LogisticRegression(C=0.1, solver='liblinear')

In [17]:
# Prepare for kaggle
predict_probs2 = logregbf2.predict_proba(X_test).tolist()

pred2 = []
for i in range(0, len(predict_probs2)):
               pred2.append(predict_probs2[i][1])
        
sample_submission_logregbf2 = pd.DataFrame()
sample_submission_logregbf2['Id'] = test_final['Id']
sample_submission_logregbf2['WnvPresent'] = pred2
sample_submission_logregbf2.reset_index(drop=True, inplace=True)
sample_submission_logregbf2.to_csv('sample_submission_logregbf2.csv', index=False)

### Scoring

In [18]:
# Accuracy and roc score of model
print('logregbf2 accuracy:', logregbf2.score(Xsm_train, ysm_train))
print("logregbf2 roc:", roc_auc_score(ysm_train,  [i[1] for i in logregbf2.predict_proba(Xsm_train)]))

logregbf2 accuracy: 0.763387606017458
logregbf2 roc: 0.8148165705875139


logregbf2 = LogisticRegression(C= 0.1, max_iter= 100, penalty= 'l2', solver= 'liblinear') **Kaggle score: 0.69160**

In [19]:
# Preparing to create a dataframe with features and coefficients
x_coef = list(logregbf2.coef_)
Xsmcolumns = Xsm_train.columns
x_coef = x_coef[0]

In [20]:
# Creating a dataframe with features and coefficients from model
r_coef = pd.DataFrame({'Features': Xsmcolumns, 'Coefficient': x_coef})

In [21]:
# Sorting the data by coefficients in descending order
r_coef.sort_values(by = 'Coefficient', ascending = False)

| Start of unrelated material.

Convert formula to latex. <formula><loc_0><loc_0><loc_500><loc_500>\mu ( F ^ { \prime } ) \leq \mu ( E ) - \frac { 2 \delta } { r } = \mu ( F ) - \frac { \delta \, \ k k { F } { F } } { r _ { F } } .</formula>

Unnamed: 0,Features,Coefficient
26,Tavg_roll3,1.548419
22,DewPoint_roll5,1.147692
29,Tavg_roll6,0.584064
21,DewPoint_roll4,0.559545
19,DewPoint_roll2,0.321677
5,8,0.25924
24,Tavg,0.246933
14,T900,0.150959
23,DewPoint_roll6,0.107866
10,T143,-0.063957


### Summary & conclusion

|        Model        	|                       Features used                       	|      Scaling     	|                               Best params                              	| Accuracy 	|  Roc  	| Kaggle score 	|
|:-------------------:	|:---------------------------------------------------------:	|:----------------:	|:----------------------------------------------------------------------:	|:--------:	|:-----:	|--------------	|
| Logistic Regression 	| 30 features chosen using SelectKBest with chi2 as scoring 	| Standard & Smote 	| Tavg_roll3, DewPoint_roll5, Tavg_roll6, DewPoint_roll4, DewPoint_roll2 	|   0.763  	| 0.814 	| 0.69160      	|

We tried to improve the logistic regression score by using SelectKbest to further drop features but it turned out to perform worse most probably due to underfitting because of higher bias. The top 5 features being weather features do further strengthen our theory that weather is a strong predictor and rolling according to the Culex lifecycle is in the right direction.